The former ambassadors suggested that Israel was inspired by South Africa’s Bantustan project, whereby black inhabitants were segregated from South Africa’s minority white population. They recalled a trip to South Africa in the early 80s by then Israeli Defence Minister Ariel Sharon who is said to have expressed great interest in South Africa’s Bantustan project. “Even a cursory look at the map of the West Bank leaves little doubt regarding where Sharon received his inspiration,” Baruch and Liel said.
“The bantustans of South Africa under the apartheid regime and the map of the occupied Palestinian territories today are predicated on the same idea of concentrating the ‘undesirable’ population in as small an area as possible, in a series of non-contiguous enclaves,” Baruch and Liel stressed. “By gradually driving these populations from their land and concentrating them into dense and fractured pockets, both South Africa then and Israel today worked to thwart political autonomy and true democracy”.

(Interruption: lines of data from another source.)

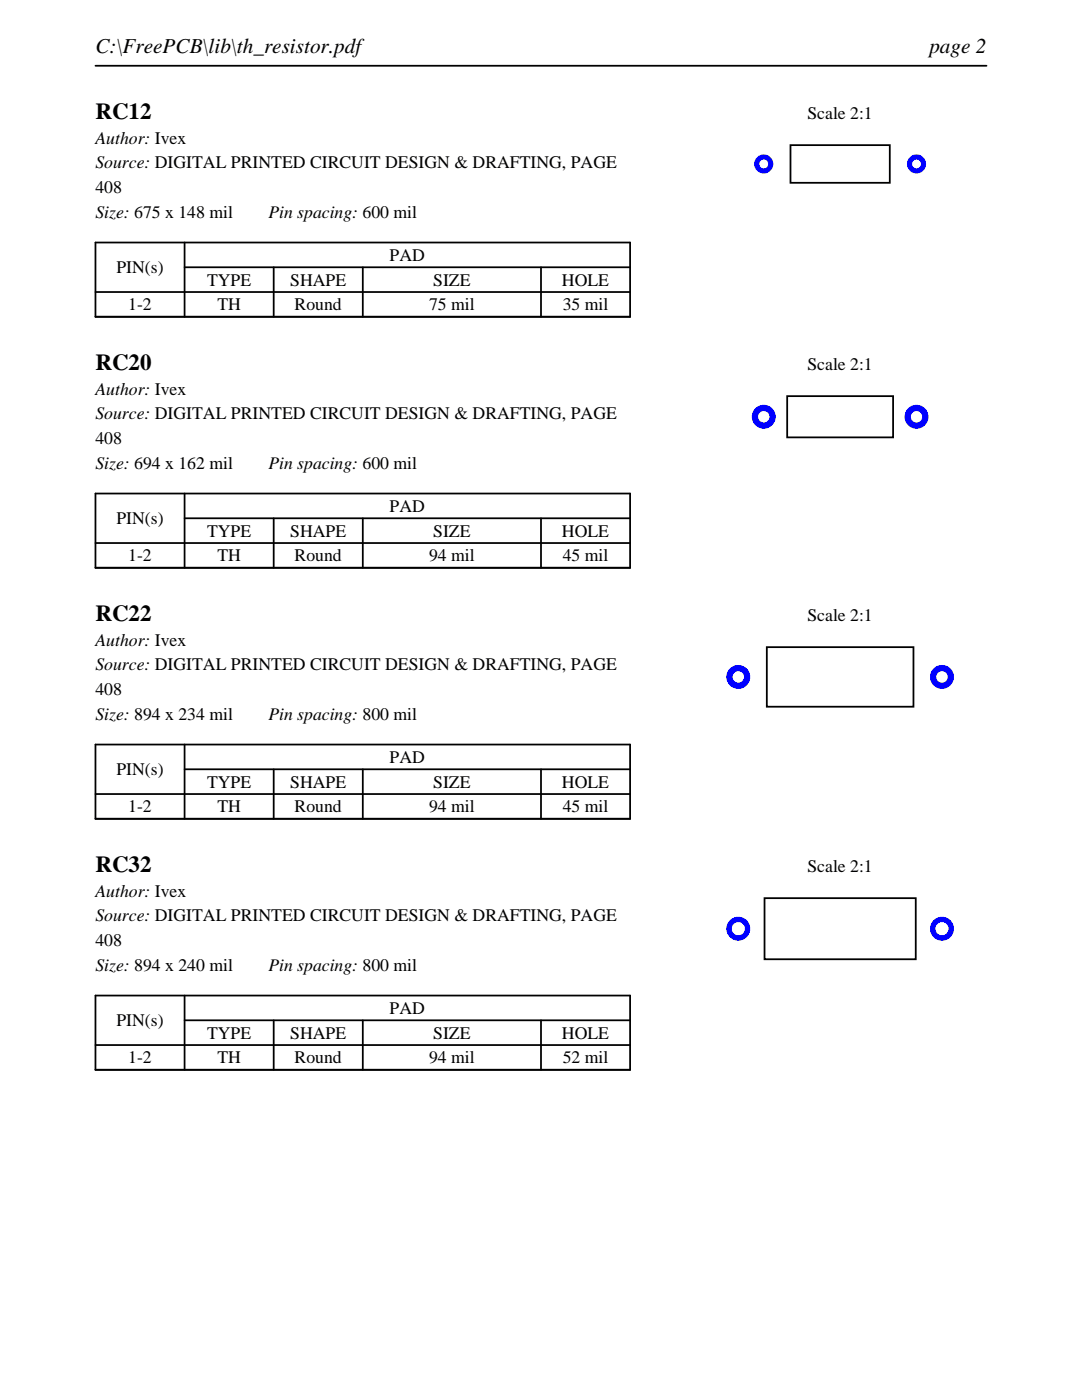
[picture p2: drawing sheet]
<svg xmlns="http://www.w3.org/2000/svg" width="216mm" height="279mm" viewBox="0 0 216 279" stroke-linecap="round" stroke-linejoin="round" font-family="sans-serif">
<defs><g id="words">
<g font-size="4.6">
<text x="19" y="23.7">RC12</text>
<text x="19" y="73.8">RC20</text>
<text x="19" y="123.9">RC22</text>
<text x="19" y="174">RC32</text>
</g>
<g font-size="4.2">
<text x="19" y="10.6">C:\FreePCB\lib\th_resistor.pdf</text>
<text x="185.4" y="10.6">page 2</text>
</g>
<g font-size="3.5">
<text x="161.1" y="23.7">Scale 2:1</text>
<text x="19" y="28.6">Author: Ivex</text>
<text x="19" y="33.6">Source: DIGITAL PRINTED CIRCUIT DESIGN &amp; DRAFTING, PAGE</text>
<text x="19" y="38.5">408</text>
<text x="19" y="43.5">Size: 675 x 148 mil</text>
<text x="53.5" y="43.5">Pin spacing: 600 mil</text>
<text x="77.8" y="52.1">PAD</text>
<text x="23.2" y="54.5">PIN(s)</text>
<text x="41.3" y="57">TYPE</text>
<text x="57.9" y="57">SHAPE</text>
<text x="86.4" y="57">SIZE</text>
<text x="112.1" y="57">HOLE</text>
<text x="25.6" y="61.9">1-2</text>
<text x="43.4" y="61.9">TH</text>
<text x="58.8" y="61.9">Round</text>
<text x="85.6" y="61.9">75 mil</text>
<text x="112.3" y="61.9">35 mil</text>
<text x="161.1" y="73.8">Scale 2:1</text>
<text x="19" y="78.7">Author: Ivex</text>
<text x="19" y="83.7">Source: DIGITAL PRINTED CIRCUIT DESIGN &amp; DRAFTING, PAGE</text>
<text x="19" y="88.6">408</text>
<text x="19" y="93.6">Size: 694 x 162 mil</text>
<text x="53.5" y="93.6">Pin spacing: 600 mil</text>
<text x="23.2" y="104.6">PIN(s)</text>
<text x="41.3" y="107.1">TYPE</text>
<text x="57.9" y="107.1">SHAPE</text>
<text x="77.8" y="102.2">PAD</text>
<text x="86.4" y="107.1">SIZE</text>
<text x="112.1" y="107.1">HOLE</text>
<text x="25.6" y="112">1-2</text>
<text x="43.4" y="112">TH</text>
<text x="58.8" y="112">Round</text>
<text x="85.6" y="112">94 mil</text>
<text x="112.3" y="112">45 mil</text>
<text x="161.1" y="123.9">Scale 2:1</text>
<text x="19" y="128.8">Author: Ivex</text>
<text x="19" y="133.8">Source: DIGITAL PRINTED CIRCUIT DESIGN &amp; DRAFTING, PAGE</text>
<text x="19" y="138.7">408</text>
<text x="19" y="143.7">Size: 894 x 234 mil</text>
<text x="53.5" y="143.7">Pin spacing: 800 mil</text>
<text x="23.2" y="154.7">PIN(s)</text>
<text x="77.8" y="152.3">PAD</text>
<text x="41.3" y="157.2">TYPE</text>
<text x="57.9" y="157.2">SHAPE</text>
<text x="86.4" y="157.2">SIZE</text>
<text x="112.1" y="157.2">HOLE</text>
<text x="25.6" y="162.1">1-2</text>
<text x="43.4" y="162.1">TH</text>
<text x="58.8" y="162.1">Round</text>
<text x="85.6" y="162.1">94 mil</text>
<text x="112.3" y="162.1">45 mil</text>
<text x="161.1" y="174">Scale 2:1</text>
<text x="19" y="178.9">Author: Ivex</text>
<text x="19" y="183.9">Source: DIGITAL PRINTED CIRCUIT DESIGN &amp; DRAFTING, PAGE</text>
<text x="19" y="188.8">408</text>
<text x="19" y="193.7">Size: 894 x 240 mil</text>
<text x="53.5" y="193.7">Pin spacing: 800 mil</text>
<text x="77.8" y="202.4">PAD</text>
<text x="23.2" y="204.8">PIN(s)</text>
<text x="41.3" y="207.3">TYPE</text>
<text x="57.9" y="207.3">SHAPE</text>
<text x="86.4" y="207.3">SIZE</text>
<text x="112.1" y="207.3">HOLE</text>
<text x="25.6" y="212.2">1-2</text>
<text x="43.4" y="212.2">TH</text>
<text x="58.8" y="212.2">Round</text>
<text x="85.6" y="212.2">94 mil</text>
<text x="112.3" y="212.2">52 mil</text>
</g>
</g></defs>
<path d="M19 13.1h177.8M19 48.4h106.7v14.8h-106.7zM19 58.3h106.7M36.8 53.3h88.9M36.8 48.4v14.8M54.6 53.3v9.9M72.4 53.3v9.9M107.9 53.3v9.9" fill="none" stroke="#000" stroke-width=".35"/>
<path d="M157.7 29h19.8v7.5h-19.8z" fill="none" stroke="#000" stroke-width=".36"/>
<g fill="#00f">
<path d="M150.5 32.7a1.91 1.91 0 0 0 3.8 0 1.91 1.91 0 0 0-3.8 0zM151.5 32.7a.9 .9 0 0 1 1.8 0 .9 .9 0 0 1-1.8 0z"/>
<path d="M181 32.7a1.91 1.91 0 0 0 3.8 0 1.91 1.91 0 0 0-3.8 0zM182 32.7a.9 .9 0 0 1 1.8 0 .9 .9 0 0 1-1.8 0z"/>
</g>
<path d="M19 98.5h106.7v14.8h-106.7zM36.8 98.5v14.8M19 108.4h106.7M36.8 103.4h88.9M54.6 103.4v9.9M72.4 103.4v9.9M107.9 103.4v9.9" fill="none" stroke="#000" stroke-width=".35"/>
<path d="M157.1 79.1h21.1v8.2h-21.1z" fill="none" stroke="#000" stroke-width=".36"/>
<g fill="#00f">
<path d="M150 83.2a2.4 2.4 0 0 0 4.8 0 2.4 2.4 0 0 0-4.8 0zM151.3 83.2a1.14 1.14 0 0 1 2.2 0 1.14 1.14 0 0 1-2.2 0z"/>
<path d="M180.5 83.2a2.4 2.4 0 0 0 4.8 0 2.4 2.4 0 0 0-4.8 0zM181.7 83.2a1.15 1.15 0 0 1 2.3 0 1.15 1.15 0 0 1-2.3 0z"/>
</g>
<path d="M19 148.6h106.7v14.8h-106.7zM19 158.5h106.7M36.8 153.5h88.9M36.8 148.6v14.8M54.6 153.5v9.9M72.4 153.5v9.9M107.9 153.5v9.9" fill="none" stroke="#000" stroke-width=".35"/>
<path d="M153 129.2h29.3v11.8h-29.3z" fill="none" stroke="#000" stroke-width=".36"/>
<g fill="#00f">
<path d="M144.9 135.1a2.4 2.4 0 0 0 4.8 0 2.4 2.4 0 0 0-4.8 0zM146.2 135.1a1.15 1.15 0 0 1 2.3 0 1.15 1.15 0 0 1-2.3 0z"/>
<path d="M185.6 135.1a2.39 2.39 0 0 0 4.7 0 2.39 2.39 0 0 0-4.7 0zM186.8 135.1a1.15 1.15 0 0 1 2.3 0 1.15 1.15 0 0 1-2.3 0z"/>
</g>
<path d="M19 198.7h106.7v14.8h-106.7zM36.8 198.7v14.8M19 208.6h106.7M36.8 203.6h88.9M54.6 203.6v9.9M72.4 203.6v9.9M107.9 203.6v9.9" fill="none" stroke="#000" stroke-width=".35"/>
<path d="M152.6 179.2h30.1v12.2h-30.1z" fill="none" stroke="#000" stroke-width=".36"/>
<g fill="#00f">
<path d="M144.9 185.3a2.4 2.4 0 0 0 4.8 0 2.4 2.4 0 0 0-4.8 0zM146 185.3a1.32 1.32 0 0 1 2.6 0 1.32 1.32 0 0 1-2.6 0z"/>
<path d="M185.6 185.3a2.39 2.39 0 0 0 4.7 0 2.39 2.39 0 0 0-4.7 0zM186.6 185.3a1.35 1.35 0 0 1 2.7 0 1.35 1.35 0 0 1-2.7 0z"/>
</g>
<use href="#words"/>
</svg>

Baruch and Liel’s op-ed follows two high profile reports which made the stark conclusion that apartheid was a reality in Palestine. In April Human Rights Watch (HRW) joined a host of other prominent groups to declare that Israel is committing the crimes of apartheid and persecution. In January, Israeli human rights group B’Tselem said that Israel “promotes and perpetuates Jewish supremacy between the Mediterranean Sea and the Jordan River.” Both echoed the findings of UN’s 2017 report which concluded that Israel was indeed practising apartheid.